» **Task item**
For each line of the listing that holds "items", show the full line.
=== Material for the task ===
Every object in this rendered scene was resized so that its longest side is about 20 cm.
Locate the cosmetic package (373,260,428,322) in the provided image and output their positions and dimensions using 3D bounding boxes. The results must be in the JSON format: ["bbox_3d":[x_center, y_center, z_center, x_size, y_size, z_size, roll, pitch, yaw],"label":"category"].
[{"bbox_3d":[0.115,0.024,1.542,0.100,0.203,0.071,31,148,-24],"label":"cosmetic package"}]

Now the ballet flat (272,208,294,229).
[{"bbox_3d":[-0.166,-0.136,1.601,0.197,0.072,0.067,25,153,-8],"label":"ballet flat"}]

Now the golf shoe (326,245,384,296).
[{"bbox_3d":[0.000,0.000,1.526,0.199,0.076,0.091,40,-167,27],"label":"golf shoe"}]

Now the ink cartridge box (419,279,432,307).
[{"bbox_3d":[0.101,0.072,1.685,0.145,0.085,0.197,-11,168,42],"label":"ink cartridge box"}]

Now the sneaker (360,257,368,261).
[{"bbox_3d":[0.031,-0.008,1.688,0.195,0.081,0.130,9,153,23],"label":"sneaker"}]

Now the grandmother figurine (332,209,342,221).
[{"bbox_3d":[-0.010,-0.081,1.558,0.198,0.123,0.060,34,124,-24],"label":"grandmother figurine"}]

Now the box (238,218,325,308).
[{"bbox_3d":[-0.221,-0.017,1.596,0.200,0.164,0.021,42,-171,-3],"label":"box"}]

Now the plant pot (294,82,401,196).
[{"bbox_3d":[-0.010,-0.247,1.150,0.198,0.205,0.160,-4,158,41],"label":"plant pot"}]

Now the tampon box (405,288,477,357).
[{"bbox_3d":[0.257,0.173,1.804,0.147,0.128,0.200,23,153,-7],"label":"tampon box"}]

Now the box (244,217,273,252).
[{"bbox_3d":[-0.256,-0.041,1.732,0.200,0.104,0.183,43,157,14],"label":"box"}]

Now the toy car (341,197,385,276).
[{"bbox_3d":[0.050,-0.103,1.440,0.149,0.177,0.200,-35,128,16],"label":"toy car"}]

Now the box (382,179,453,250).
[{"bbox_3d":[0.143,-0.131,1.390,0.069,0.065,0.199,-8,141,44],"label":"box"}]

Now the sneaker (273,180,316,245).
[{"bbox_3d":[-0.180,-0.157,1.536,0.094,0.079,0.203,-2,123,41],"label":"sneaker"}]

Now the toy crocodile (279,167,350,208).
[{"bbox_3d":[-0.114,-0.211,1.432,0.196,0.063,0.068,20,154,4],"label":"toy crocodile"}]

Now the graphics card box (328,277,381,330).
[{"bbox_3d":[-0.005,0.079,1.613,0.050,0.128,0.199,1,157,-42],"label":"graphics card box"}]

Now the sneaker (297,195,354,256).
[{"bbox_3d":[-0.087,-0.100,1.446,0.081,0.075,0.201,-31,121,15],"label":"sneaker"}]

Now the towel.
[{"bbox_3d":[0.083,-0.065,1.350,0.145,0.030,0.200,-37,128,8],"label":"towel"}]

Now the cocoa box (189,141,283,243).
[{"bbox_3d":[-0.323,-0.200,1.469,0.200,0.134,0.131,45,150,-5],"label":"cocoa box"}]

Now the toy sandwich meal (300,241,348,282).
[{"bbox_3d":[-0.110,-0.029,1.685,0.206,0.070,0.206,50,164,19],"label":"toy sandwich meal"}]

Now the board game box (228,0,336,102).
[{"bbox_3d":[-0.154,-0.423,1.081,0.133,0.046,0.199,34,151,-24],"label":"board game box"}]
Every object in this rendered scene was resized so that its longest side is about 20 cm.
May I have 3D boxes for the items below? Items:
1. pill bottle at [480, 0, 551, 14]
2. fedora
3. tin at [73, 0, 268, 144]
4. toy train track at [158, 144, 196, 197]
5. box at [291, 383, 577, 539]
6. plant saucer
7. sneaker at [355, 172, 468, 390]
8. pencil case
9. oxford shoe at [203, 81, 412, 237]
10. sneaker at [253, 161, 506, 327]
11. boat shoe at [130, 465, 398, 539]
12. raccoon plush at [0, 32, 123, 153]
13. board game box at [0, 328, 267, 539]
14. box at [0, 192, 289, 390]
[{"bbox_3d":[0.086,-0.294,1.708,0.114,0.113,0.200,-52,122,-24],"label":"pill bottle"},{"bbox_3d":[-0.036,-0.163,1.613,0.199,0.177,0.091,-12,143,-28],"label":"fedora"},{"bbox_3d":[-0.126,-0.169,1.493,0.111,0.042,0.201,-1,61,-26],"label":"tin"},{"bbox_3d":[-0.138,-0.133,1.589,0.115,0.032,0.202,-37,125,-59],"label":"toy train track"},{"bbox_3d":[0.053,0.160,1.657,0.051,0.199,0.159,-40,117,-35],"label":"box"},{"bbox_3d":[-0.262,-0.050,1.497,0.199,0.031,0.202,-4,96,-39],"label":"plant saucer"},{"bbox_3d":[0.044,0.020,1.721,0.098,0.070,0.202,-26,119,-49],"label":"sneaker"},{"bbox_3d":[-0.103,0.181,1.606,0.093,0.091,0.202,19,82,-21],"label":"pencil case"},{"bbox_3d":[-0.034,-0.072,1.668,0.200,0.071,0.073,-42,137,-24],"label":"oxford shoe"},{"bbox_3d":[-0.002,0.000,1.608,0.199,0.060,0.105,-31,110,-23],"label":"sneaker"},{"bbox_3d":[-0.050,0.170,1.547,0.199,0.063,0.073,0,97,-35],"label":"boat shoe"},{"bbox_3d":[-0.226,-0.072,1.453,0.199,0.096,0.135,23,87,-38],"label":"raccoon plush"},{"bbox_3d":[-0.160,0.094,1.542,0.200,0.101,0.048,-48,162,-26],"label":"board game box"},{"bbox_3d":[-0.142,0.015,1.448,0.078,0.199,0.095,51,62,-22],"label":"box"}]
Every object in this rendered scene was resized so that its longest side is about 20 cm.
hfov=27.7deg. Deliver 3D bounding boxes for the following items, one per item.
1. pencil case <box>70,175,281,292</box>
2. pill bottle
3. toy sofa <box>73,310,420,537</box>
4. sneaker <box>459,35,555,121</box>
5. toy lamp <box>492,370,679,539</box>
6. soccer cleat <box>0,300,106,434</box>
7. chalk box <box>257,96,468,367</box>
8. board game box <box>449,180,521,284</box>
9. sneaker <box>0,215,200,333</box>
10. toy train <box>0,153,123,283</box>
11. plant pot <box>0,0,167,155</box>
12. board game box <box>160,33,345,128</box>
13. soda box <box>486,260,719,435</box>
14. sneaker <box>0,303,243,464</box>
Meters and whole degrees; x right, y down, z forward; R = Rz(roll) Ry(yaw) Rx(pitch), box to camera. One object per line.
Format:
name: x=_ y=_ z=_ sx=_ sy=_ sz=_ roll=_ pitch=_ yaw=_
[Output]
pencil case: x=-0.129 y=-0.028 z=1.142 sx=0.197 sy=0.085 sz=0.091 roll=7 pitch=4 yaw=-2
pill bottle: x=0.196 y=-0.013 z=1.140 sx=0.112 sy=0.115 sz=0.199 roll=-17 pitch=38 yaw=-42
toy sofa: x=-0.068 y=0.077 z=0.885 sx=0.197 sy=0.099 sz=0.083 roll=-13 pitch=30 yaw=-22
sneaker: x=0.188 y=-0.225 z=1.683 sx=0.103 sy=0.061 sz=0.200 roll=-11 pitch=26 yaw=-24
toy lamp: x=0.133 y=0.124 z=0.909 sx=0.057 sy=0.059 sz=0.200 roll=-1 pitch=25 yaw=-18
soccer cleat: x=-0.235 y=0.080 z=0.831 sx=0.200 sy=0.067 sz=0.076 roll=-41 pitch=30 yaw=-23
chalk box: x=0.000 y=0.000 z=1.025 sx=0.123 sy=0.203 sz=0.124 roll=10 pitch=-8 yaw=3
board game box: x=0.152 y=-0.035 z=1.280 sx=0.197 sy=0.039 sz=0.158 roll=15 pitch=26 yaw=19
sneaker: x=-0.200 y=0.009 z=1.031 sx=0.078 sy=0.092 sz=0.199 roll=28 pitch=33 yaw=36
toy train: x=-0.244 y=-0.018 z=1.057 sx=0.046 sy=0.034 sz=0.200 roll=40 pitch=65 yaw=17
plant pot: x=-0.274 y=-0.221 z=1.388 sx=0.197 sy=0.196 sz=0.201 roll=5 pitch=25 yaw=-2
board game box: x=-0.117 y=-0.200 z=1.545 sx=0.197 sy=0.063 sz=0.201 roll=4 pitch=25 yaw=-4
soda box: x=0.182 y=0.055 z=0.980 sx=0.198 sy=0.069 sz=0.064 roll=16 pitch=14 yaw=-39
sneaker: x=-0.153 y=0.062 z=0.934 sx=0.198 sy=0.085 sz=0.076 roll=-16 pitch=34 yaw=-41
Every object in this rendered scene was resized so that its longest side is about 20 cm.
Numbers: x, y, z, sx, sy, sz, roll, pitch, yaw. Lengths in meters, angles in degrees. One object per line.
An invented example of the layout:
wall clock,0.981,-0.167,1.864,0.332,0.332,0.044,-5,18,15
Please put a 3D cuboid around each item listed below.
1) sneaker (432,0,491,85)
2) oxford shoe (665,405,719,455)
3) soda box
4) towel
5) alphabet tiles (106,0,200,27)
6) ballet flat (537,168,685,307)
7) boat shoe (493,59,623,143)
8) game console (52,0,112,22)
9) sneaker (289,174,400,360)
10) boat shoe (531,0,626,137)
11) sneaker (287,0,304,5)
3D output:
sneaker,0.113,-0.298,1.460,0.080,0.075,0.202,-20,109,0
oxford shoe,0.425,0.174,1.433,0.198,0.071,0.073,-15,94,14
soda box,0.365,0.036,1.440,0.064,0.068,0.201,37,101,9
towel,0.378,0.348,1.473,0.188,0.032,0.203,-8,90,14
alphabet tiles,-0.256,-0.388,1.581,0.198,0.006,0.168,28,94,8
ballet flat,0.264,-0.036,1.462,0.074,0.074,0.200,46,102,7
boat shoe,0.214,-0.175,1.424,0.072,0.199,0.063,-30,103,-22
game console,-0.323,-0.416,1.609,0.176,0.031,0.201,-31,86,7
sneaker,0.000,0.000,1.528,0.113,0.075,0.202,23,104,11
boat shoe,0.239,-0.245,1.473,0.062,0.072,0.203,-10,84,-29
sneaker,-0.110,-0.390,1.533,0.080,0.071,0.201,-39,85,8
===
» **Answer to this exercise**
May I have 3D boxes for the items below? Items:
hfov=27.7deg. Deliver 3D bounding boxes for the following items, one per item.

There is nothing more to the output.